(DATA)
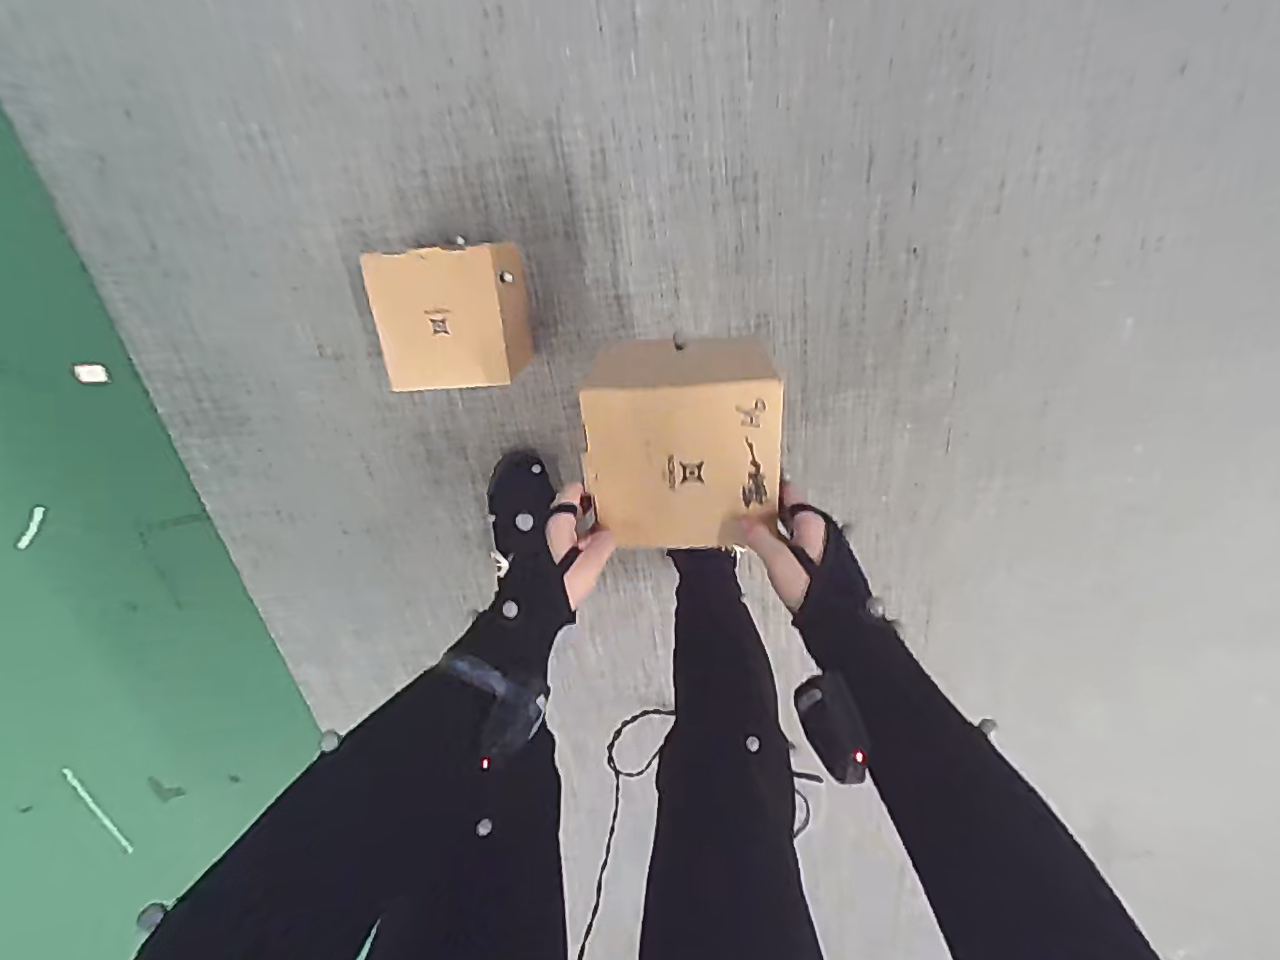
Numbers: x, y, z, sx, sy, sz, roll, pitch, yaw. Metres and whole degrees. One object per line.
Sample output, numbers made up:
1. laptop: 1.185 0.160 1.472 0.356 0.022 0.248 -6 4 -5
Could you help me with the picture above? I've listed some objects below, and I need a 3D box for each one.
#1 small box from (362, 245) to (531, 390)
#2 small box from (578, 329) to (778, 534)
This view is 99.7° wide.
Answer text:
1. small box: -0.261 -0.239 0.778 0.168 0.176 0.179 -4 113 1
2. small box: 0.044 -0.057 0.570 0.179 0.176 0.168 -1 117 7

(TASK DIRECTIONS) Everything from the line containing "#1 small box from (362, 245) to (531, 390)" to the last line of the data above must be set down exactly, both ends included, with no other lines.

(RESULT FOR THIS TASK)
#1 small box from (362, 245) to (531, 390)
#2 small box from (578, 329) to (778, 534)
This view is 99.7° wide.
Answer text:
1. small box: -0.261 -0.239 0.778 0.168 0.176 0.179 -4 113 1
2. small box: 0.044 -0.057 0.570 0.179 0.176 0.168 -1 117 7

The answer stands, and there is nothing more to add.